🤖 AI Summary
This work addresses the limitations of existing eye-tracking–driven assistive robotic systems, which struggle with insufficient 3D gaze estimation accuracy and inadequate multi-task intent recognition, thereby hindering severely motor-impaired users from independently performing daily tasks. To overcome these challenges, the authors propose a novel shared-control framework that leverages task diagrams as visual fiducial markers. By integrating feature matching with state-of-the-art object detection models under an eye-in-hand configuration, the system achieves high-precision object and task recognition without requiring knowledge of the user’s spatial position relative to target objects. The approach attains 97.9% accuracy in object and task selection, supports seamless extension to new tasks and objects, and is released as open-source software. The paper also distills key practical insights gained during real-world deployment.
📝 Abstract
Shared control improves Human-Robot Interaction by reducing the user's workload and increasing the robot's autonomy. It allows robots to perform tasks under the user's supervision. Current eye-tracking-driven approaches face several challenges.
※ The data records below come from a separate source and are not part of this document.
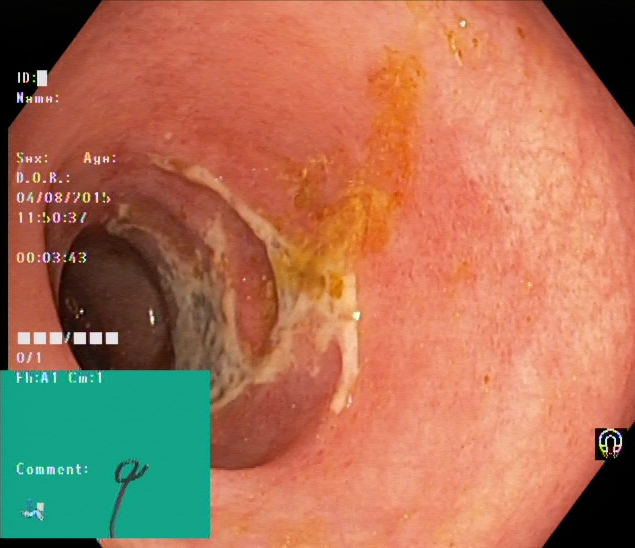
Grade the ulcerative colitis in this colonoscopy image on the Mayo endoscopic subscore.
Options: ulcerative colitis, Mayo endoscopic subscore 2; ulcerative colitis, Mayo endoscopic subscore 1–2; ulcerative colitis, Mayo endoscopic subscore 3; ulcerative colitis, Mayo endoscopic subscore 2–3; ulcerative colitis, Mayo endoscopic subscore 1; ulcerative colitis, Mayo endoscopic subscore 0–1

ulcerative colitis, Mayo endoscopic subscore 1
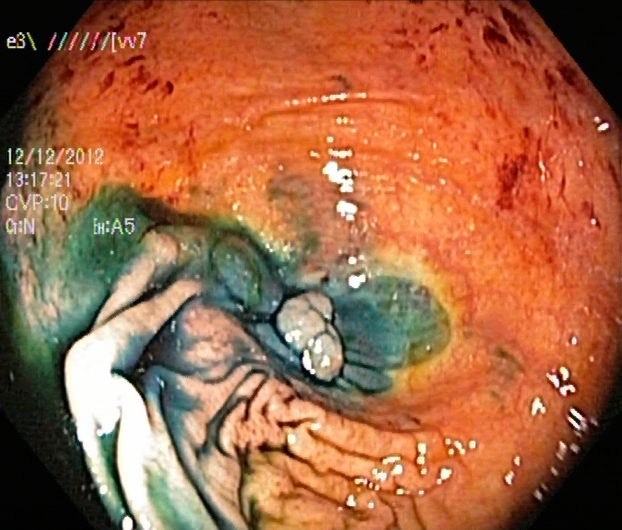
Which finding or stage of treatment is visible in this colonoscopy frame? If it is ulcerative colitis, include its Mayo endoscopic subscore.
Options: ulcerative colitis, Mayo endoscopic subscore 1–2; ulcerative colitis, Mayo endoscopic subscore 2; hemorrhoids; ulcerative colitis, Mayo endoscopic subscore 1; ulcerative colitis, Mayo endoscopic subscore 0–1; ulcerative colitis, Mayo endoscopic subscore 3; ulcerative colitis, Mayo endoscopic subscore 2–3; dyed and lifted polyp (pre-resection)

dyed and lifted polyp (pre-resection)
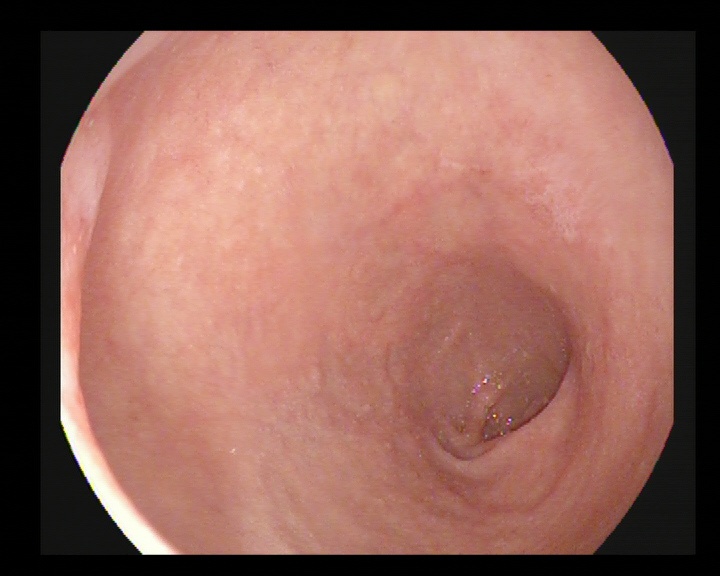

These include accuracy issues in 3D gaze estimation and difficulty interpreting gaze when differentiating between multiple tasks. We present an eye-tracking-driven control framework, aimed at enabling individuals with severe physical disabilities to perform daily tasks independently. Our system uses task pictograms as fiducial markers combined with a feature matching approach that transmits data of the selected object to accomplish necessary task related measurements with an eye-in-hand configuration. This eye-tracking control does not require knowledge of the user's position in relation to the object. The framework correctly interpreted object and task selection in up to 97.9% of measurements. Issues were found in the evaluation, that were improved and shared as lessons learned. The open-source framework can be adapted to new tasks and objects due to the integration of state-of-the-art object detection models.